If $q, r \ge 11$, then note that $\frac{13}{2}\varphi^2(c) \ge \frac{13}{2}\left(\frac{2}{3} \cdot \frac{10}{11} \cdot \frac{18}{19}\right)^2 c^2= \frac{93600}{43681}c^2 > 2c^2$ and $11\varphi^2(d) = 11\left(\frac{2}{3}\right)^2 d^2 = \frac{44}{9}d^2 > 4d^2$. Also note that $\varphi(c)d = \left(\frac{p-1}{p} \cdot \frac{q-1}{q} \cdot \frac{r-1}{r}\right)cd = \varphi(cd)$. So $7\varphi^2(c) - \varphi(cd) + 11\varphi^2(d) > \frac{13}{2}\varphi^2(c)+\frac{1}{2}\varphi^2(c) - \varphi(c)d + 11\varphi^2(d) > 2c^2 + 4d^2 + \frac{1}{2}\varphi^2(c) - \varphi(c)d = 2(c^2 + d^2) + \left(\frac{\sqrt{2}}{2}\varphi(c) - \sqrt{2}d\right)^2 + \varphi(c)d > 2(c^2 + d^2)$, which is in contradiction with $(1)$.
Thus, one of $q$ or $r$ must be $7$. WLOG let $q = 7$. Then $c = 3 \cdot 7^y \cdot r^z$ for some positive integers $y, z$.
If $x \ge 3$, then $27 \mid \varphi(cd), \varphi^2(d), 2d^2$. Taking both sides of $(1)$ modulo $27$, we have $7\varphi^2(c) \equiv 2c^2 \pmod{27} \iff 144 \cdot 7^{2y-1} \cdot (r-1)^2 \cdot r^{2z-2} \equiv 18 \cdot 7^{2y} \cdot r^{2z} \pmod{27} \iff 72(r-1)^2 \equiv 63r^2 \pmod{27} \iff 8(r-1)^2 \equiv 7r^2 \pmod{3} \iff r^2 - 16r + 8 \equiv 0 \pmod{3} \iff (r - 8)^2 \equiv 56 \equiv 2 \pmod{3}$, which is impossible.
Hence, $x = 2$, and $d = 9$.
Plugging $c = 3 \cdot 7^y \cdot r^z$ and $d = 9$ into $(1)$, we get $$144 \cdot 7^{2y-1} \cdot (r-1)^2 \cdot r^{2z-2} - 108 \cdot 7^{y-1} \cdot (r-1) \cdot r^{z-1} + 396 = 18 \cdot 7^{2y} \cdot r^{2z} + 162$$$$8 \cdot 7^{2y-1} \cdot (r-1)^2 \cdot r^{2z-2} - 6 \cdot 7^{y-1} \cdot (r-1) \cdot r^{z-1} + 13 = 7^{2y} \cdot r^{2z}$$If $y \ge 2$, then $7 \mid 13$, contradiction. Hence, $y = 1$. Plugging this in, $$56(r-1)^2 r^{2z-2} - 6(r-1)r^{z-1} + 13 = 49 \cdot r^{2z}$$If $z \ge 2$, then $r \mid 13 \implies r = 13$. However, $r \equiv 3 \pmod{4}$, contradiction.

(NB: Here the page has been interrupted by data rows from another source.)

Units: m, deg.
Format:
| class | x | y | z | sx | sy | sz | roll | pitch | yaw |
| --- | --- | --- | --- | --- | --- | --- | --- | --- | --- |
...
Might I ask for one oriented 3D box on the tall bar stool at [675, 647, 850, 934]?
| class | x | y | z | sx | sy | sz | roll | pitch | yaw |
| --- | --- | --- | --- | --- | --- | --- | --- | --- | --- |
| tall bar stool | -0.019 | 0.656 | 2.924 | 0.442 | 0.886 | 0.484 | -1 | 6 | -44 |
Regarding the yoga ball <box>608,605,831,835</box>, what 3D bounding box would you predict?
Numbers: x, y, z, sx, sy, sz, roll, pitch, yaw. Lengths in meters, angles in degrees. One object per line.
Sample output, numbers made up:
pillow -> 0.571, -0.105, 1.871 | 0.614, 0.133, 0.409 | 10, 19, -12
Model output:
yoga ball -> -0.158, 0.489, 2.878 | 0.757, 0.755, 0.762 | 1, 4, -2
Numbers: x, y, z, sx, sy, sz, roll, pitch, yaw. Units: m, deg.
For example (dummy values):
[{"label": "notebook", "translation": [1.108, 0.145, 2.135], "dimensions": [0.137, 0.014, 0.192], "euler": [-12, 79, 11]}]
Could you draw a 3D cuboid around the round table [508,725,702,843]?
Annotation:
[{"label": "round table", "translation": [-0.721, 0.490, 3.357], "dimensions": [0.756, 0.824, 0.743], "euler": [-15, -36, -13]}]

Hence, $z = 1$. Plugging this in, $$56(r-1)^2 - 6(r-1) + 13 = 49r^2$$$$7r^2 - 118r + 75 = 0$$Note that the discriminant $118^2 - 4 \cdot 7 \cdot 75 = 11824$, and $108^2 < 11824 < 109^2$, so the discriminant is not a perfect square. Hence, the quadratic equation has no integer solutions.
Therefore, there are no solutions where $d = p^x$ where $x \ge 2$.
Thus, there are no solutions to this subsubcase.
Thus, the only solution to this subcase is $(c, d) = (15, 3)$.
Thus, the only solution to this case is $(a, b) = (2c, 2d) = (2 \cdot 15, 2 \cdot 3) = (30, 6)$.
Therefore, the only solution such that $\nu_p (gcd(a, b)) \le 1$ for all primes $p$ is $(a, b) = (30, 6)$. Note that if $(a, b)$ is a solution and if a prime $p$ divides both $a$ and $b$, then $(ap, bp)$ is also a solution. Since the only primes that divide both $30$ and $6$ are $2$ and $3$, all solutions to the equation can be expressed in the form $\boxed{(30 \cdot 2^x \cdot 3^y, 6 \cdot 2^x \cdot 3^y)}$, where $x$ and $y$ are nonnegative integers.